Conversely, streaming has provided a blueprint for broadcast in many ways. Specifically, Netflix’s French drama Lupin — which reached a peak U.S. demand of 14.22x in 2021 — offers a formula the Big Four can follow. 

The thriller is a retelling of the classic French story about Arsène Lupin, the world-famous gentleman thief and master of disguise. It’s a clever way of adapting familiar IP and concepts by modernizing it for contemporary audiences. By doing so, this also expands the potential reach of the IP (overall gender distribution for Lupin was 55.1% male, 44.9% female and was most popular among viewers born between 1992-1998). Rather than relying on the existing audience demographic, which broadcast has done without much change as it continues to tailor content to the same viewers, shows like Lupin can target new fans. 
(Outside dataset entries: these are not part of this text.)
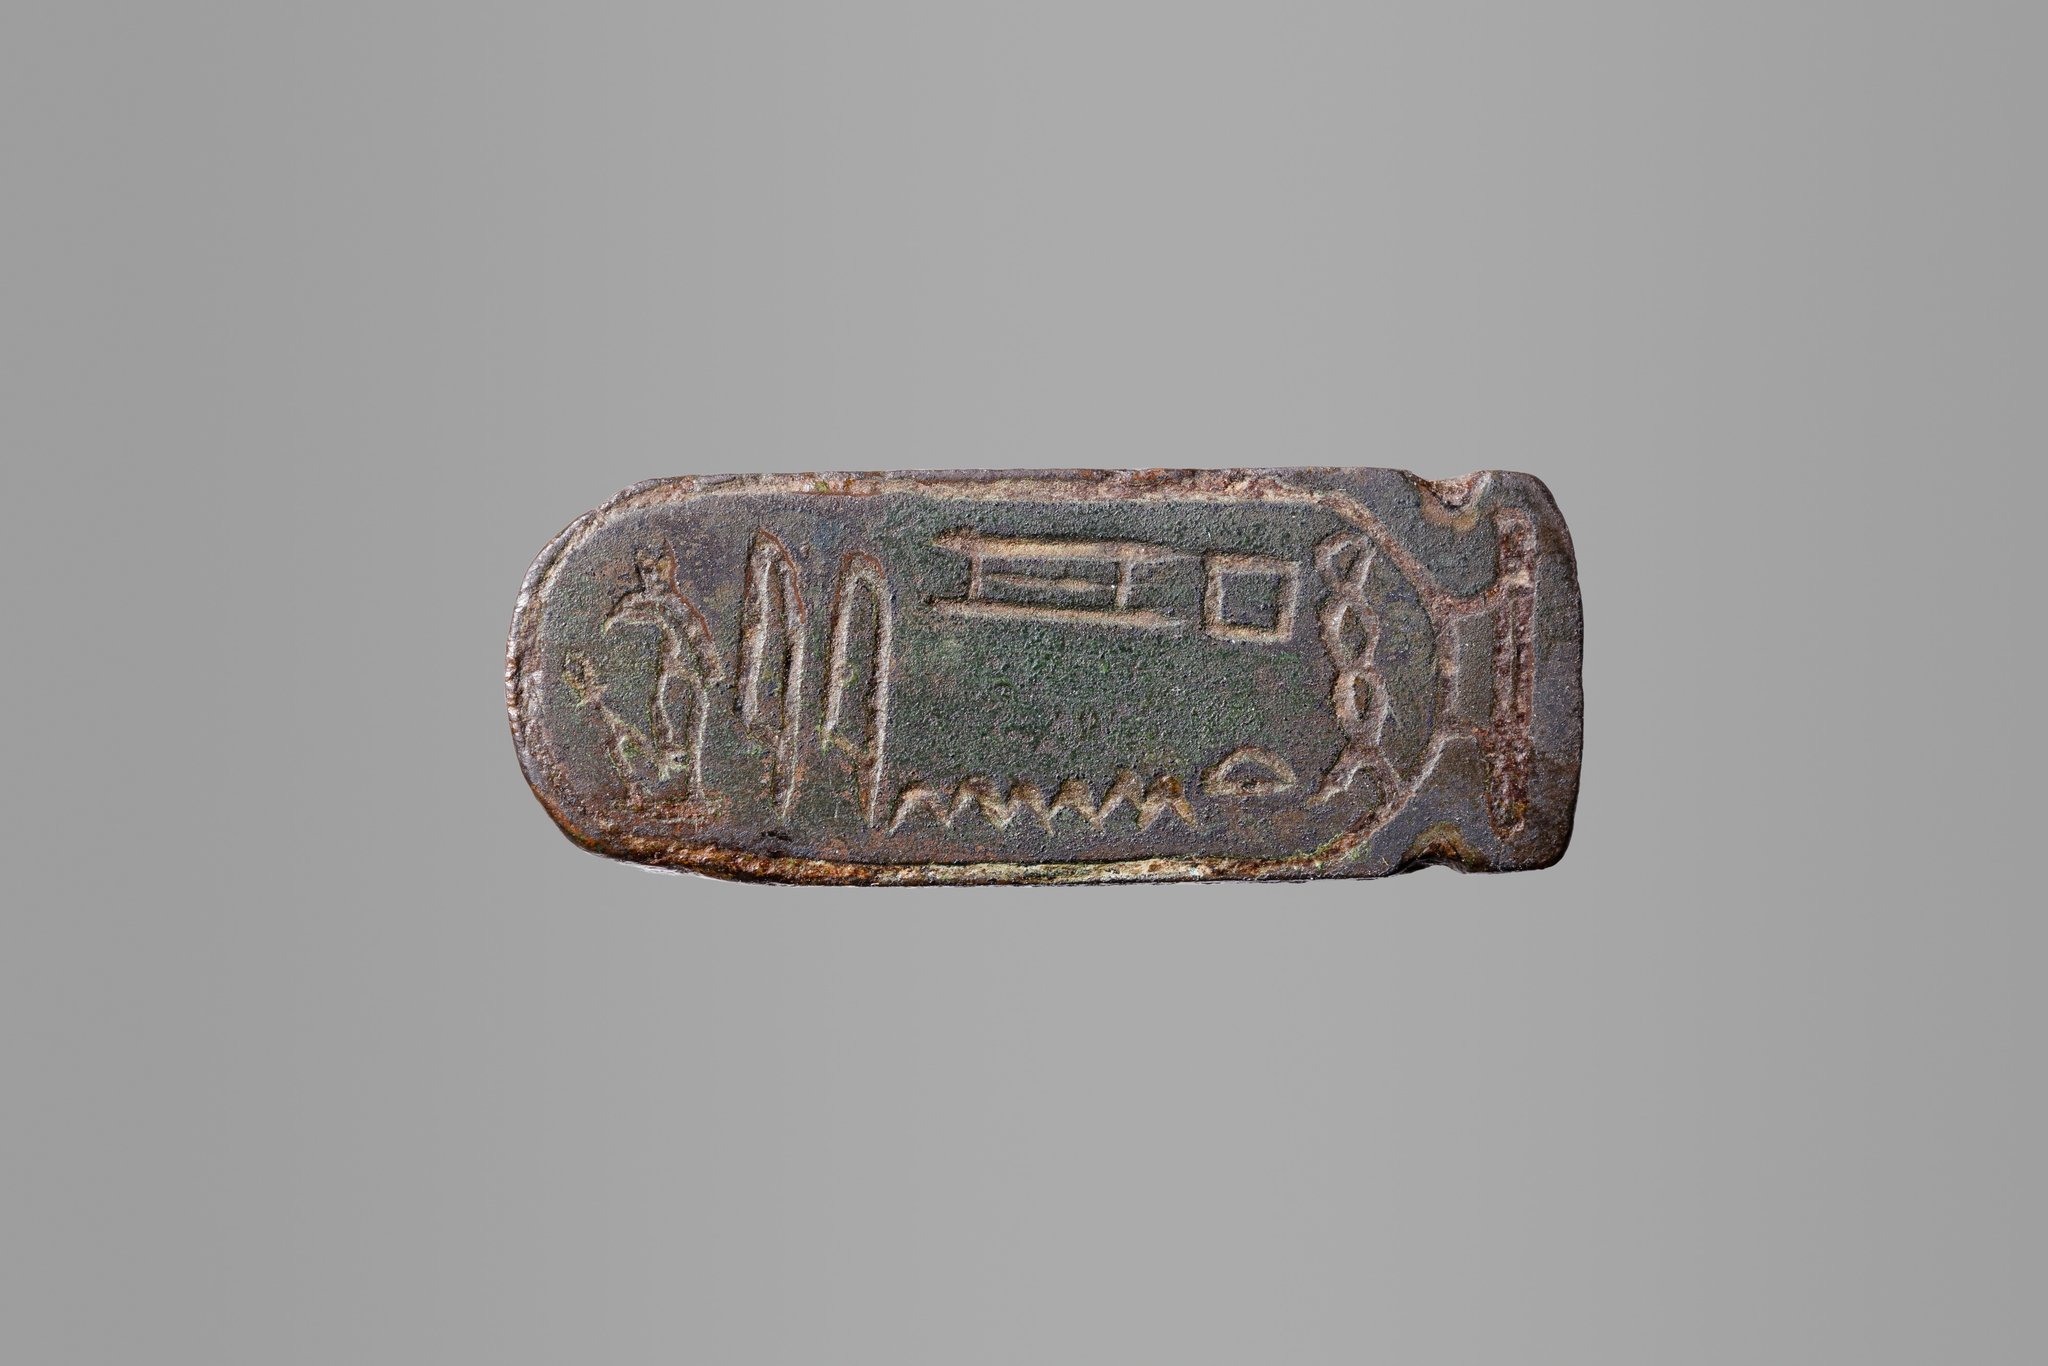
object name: ring, seti ii
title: Ring of Seti II
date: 1295-1070 BCE
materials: bronze, copper alloy
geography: egypt

Creators George Kay and Francois Uzan built the show around a likable protagonist and charismatic lead in Omar Sy, giving it an enticing star-driven appeal. This is a breath of fresh air at a time in which broadcast has chased the highs of LOST by investing in ensemble dramas with multiple main characters for years while cable birthed the age of the unlikable protagonist over the last two decades (no one really wants to grab a beer with Tony Soprano or Walter White). Lupin is also a globetrotting four-quadrant fun that allows the series to travel well across overseas markets (a lively soundtrack helps), which can be key to a show’s overall financial performance.

Conclusion

Sitcoms and procedurals may not always elicit millions of hashtags from Film Twitter or dominate the Emmys discourse between critics. Law & Order and NCIS aren’t sexy in an era of blockbuster franchise IP featuring superheroes and Jedi. But broadcast content consistently appeals to broad audiences — at a fraction of the cost -- at a time when streamers are battling for every last subscriber in a hyper competitive market. Network titles are proven to fit well within the ad-supported format that is rapidly overtaking the OTT market. 

The ease of access these platforms provide are much-needed stepping stones for streaming exclusives hoping to be noticed as viewers are bombarded with more options than ever. And the strategic flexibility the proliferation of viewing platforms provides can be leveraged to maximize awareness and audience demand with a multi-pronged distribution effort. 

Broadcast TV may no longer be the dominant entertainment option, but the lessons the entire TV industry can learn from the medium remain valuable.